What Do I Say To A Potential Employer If I Am Involved In A Sexual Harassment Case?
If you are involved in a sexual harassment case, you should never say anything that is untrue; always be honest. There is no exception, ever. Tell the truth at all times. It seems obvious, but it bears repeating: be sure to tell the whole truth to your lawyer because they will be unable to help you if you conceal or omit pertinent information. This is the same concept that applies to prospective employers; if you are seeking a new job after having experienced sexual harassment at your previous place of employment, it is important that you do not lie to prospective employers about why you are seeking a new job if it ever comes up and they ask you directly. With that said, there are certain questions that they cannot ask you on a job interview, such as those relating to your marital status and things like that.
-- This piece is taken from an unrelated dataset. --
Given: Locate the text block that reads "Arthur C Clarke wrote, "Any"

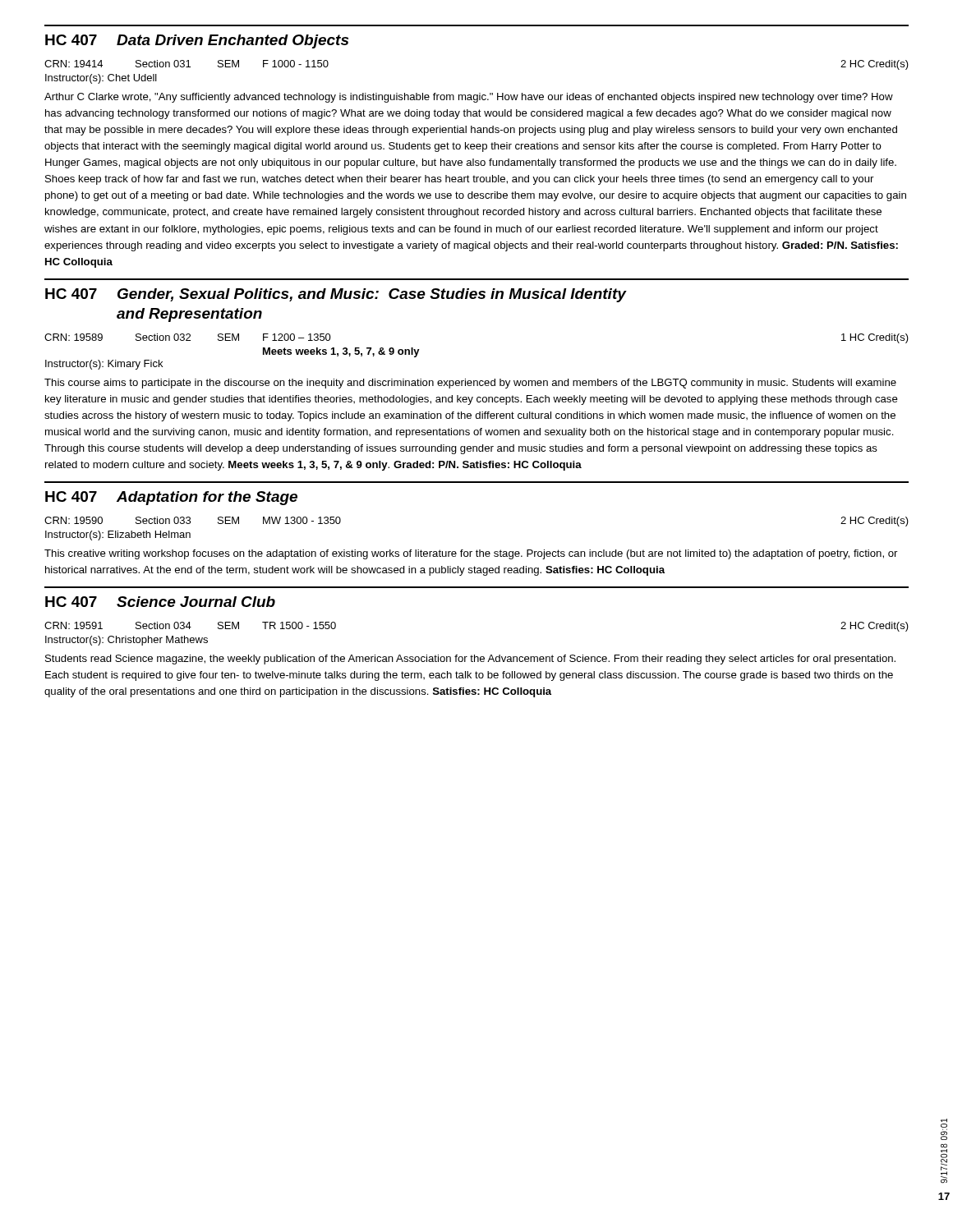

Whether a prospective employer can ask you about whether you have ever made a claim for sexual harassment is not such a simple answer, but the general answer is no they cannot condition your employment on you exercising your right to engage in protected activity, such as opposing or reporting sexual harassment. With that said, if you think that a prospective employer is going to ask you questions about sexual harassment, it is always best, to tell the truth. We always tell our clients to say that they left their former employer because they wanted a better opportunity; this is a true statement that doesn’t go into too much detail and it is a perfectly fair, reasonable and honest explanation.